Send UDP datagrams to a multicast group:
-IP=<IP> -group=<gIP> -port=<port> (<IP> is address of a local IP interface.
<gIP> is the IP multicast address between
224.0.0.0 and 239.255.255.255; some of these
adresses are reserved)
Options:
-noLoopback (By default, the multicast datagrams will be
looped back to this IP interface. Use this
flag to stop this.)
-TTL=<n> (Defines how far down the network the multicast
datagram will be sent:
0: Same host
1: Same subnet (default)
32: Same site
64: Same region
128: Same continent
255: Everywhere
Restrictions:
- Must be endpoint A.
- Multiple buffers can be used, but remote endpoints will not have any concept of the order or buffer indices.
- The destination offset of takyonSend() must always be zero.
Receive UDP datagrams from a multicast group:
-IP=<IP> -group=<gIP> -port=<port> [-reuse] [-rcvbuf=<bytes>]
(<IP> is the local IP inferface of this receiver.
<gIP> is the IP multicast address between
224.0.0.0 and 239.255.255.255; some of these
adresses are reserved.
-reuse is optional, and allows port number to be
reused without waiting in case of a failure.
-rcvbuf=<bytes> can be used to increase the kernel's
receiver buffer size to help avoid dropping incoming
packets.)
Restrictions:
- Must be endpoint B.
- Data can be dropped, and order of data is not guaranteed.
- Multiple buffers can be used, but this is not a coordination with the multicast sender.
- If takyonRecv() gets the offset, the offset will always be set to zero.
The Takyon API was formulated by Michael Both after about 20 years of challenging experiences with communication APIs for heterogeneous compute architectures in the embedded HPC industry.

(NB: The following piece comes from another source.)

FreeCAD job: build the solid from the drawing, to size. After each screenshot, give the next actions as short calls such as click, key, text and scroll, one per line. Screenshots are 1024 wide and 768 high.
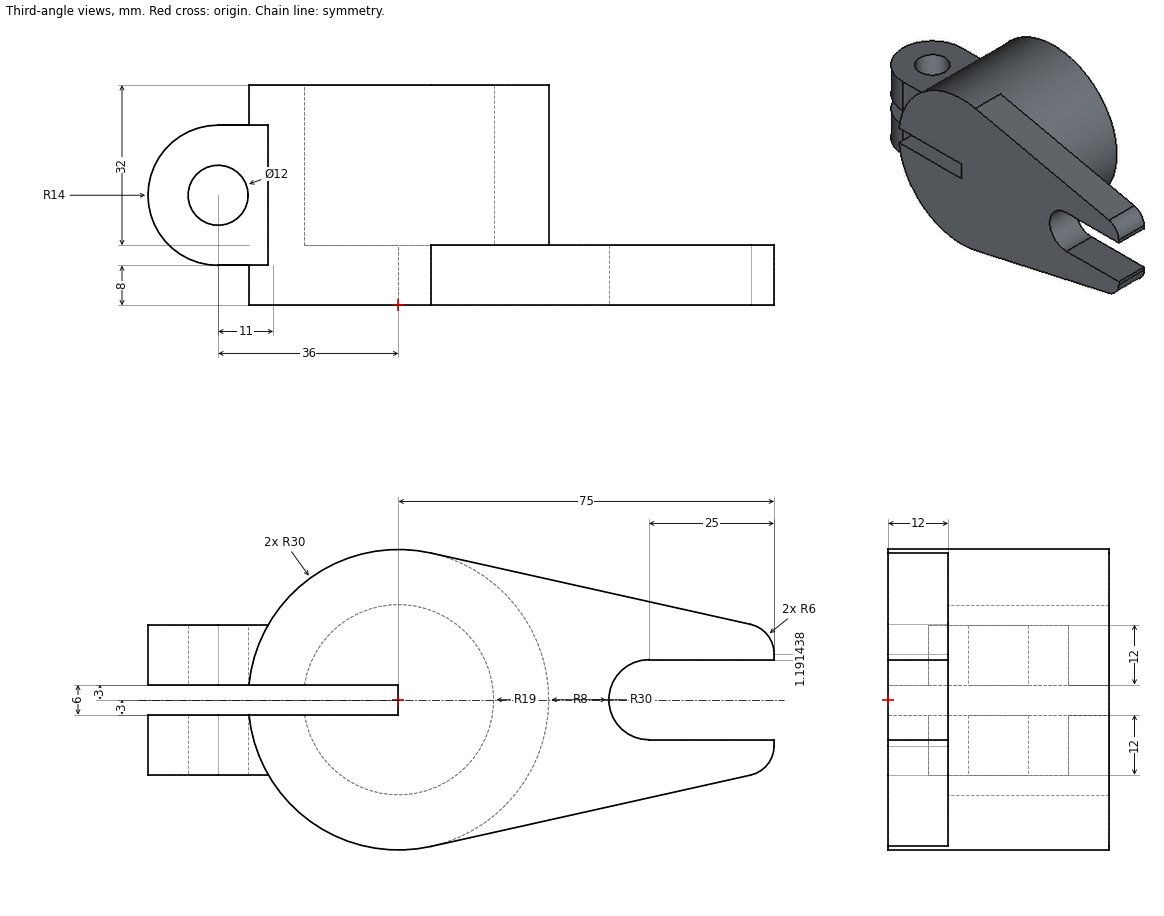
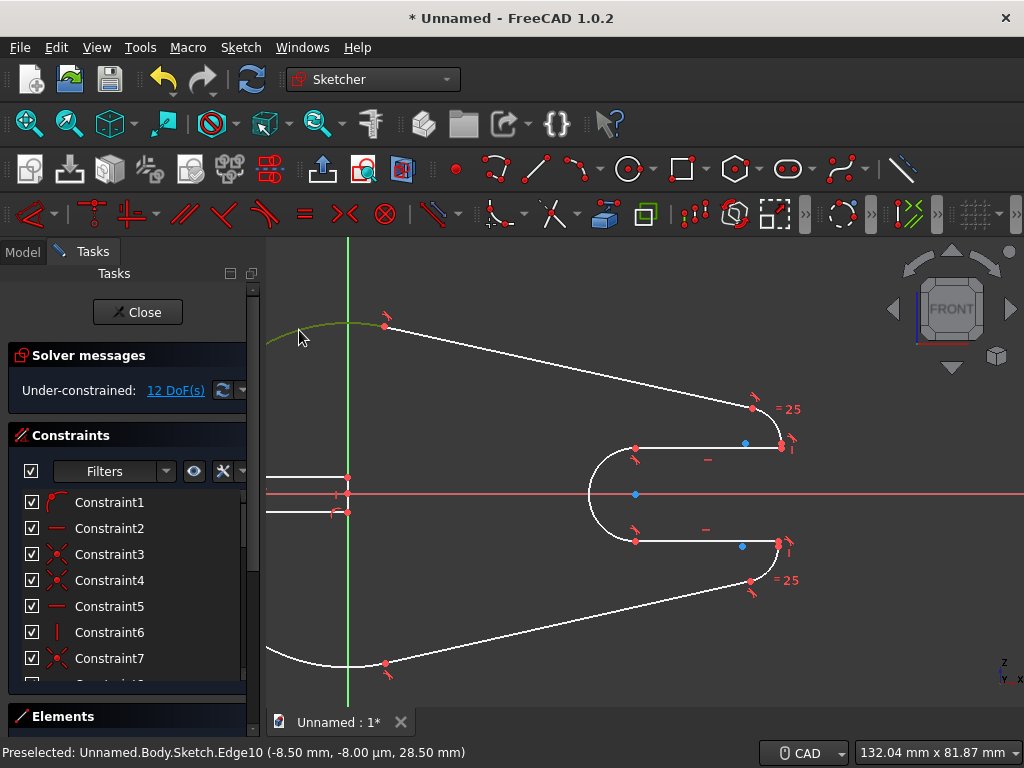
click(299, 660)

He implemented applications using many standard communication APIs (Socket, MPI, Verbs, Network Direct, named memory map, message queue, semaphore, mutex, cond var, memcpy, corba), many company proprietary APIs (Abaco, Mercury, Ixthos, Texas Instruments, Sparc, Sky Computers, Radstone Technologies, Google, Apple), and on many different architectures (Sparc, PPC, Sharc, TI, Intel, Arm, iOS, Android). In addition to using all these communication APIs, he also implemented one high level open standard (Abaco's MPI 1.x) and two high level proprietary APIs (Lockheed Martin's GEDAE and Abaco's AXIS Flow). This vast experience gave a great insight into the strengths and weaknesses of each communication API. One API did not fit all the needs of the common embedded HPC application, and it became clear that a better standard was needed for this audience. Michael first approached Khronos in 2017 to see if Takyon should become an open standard. In 2018, Khronos decided to create an exploratory group to determine industry interest. In 2019, Khronos approved the formation of a working group to define the specification.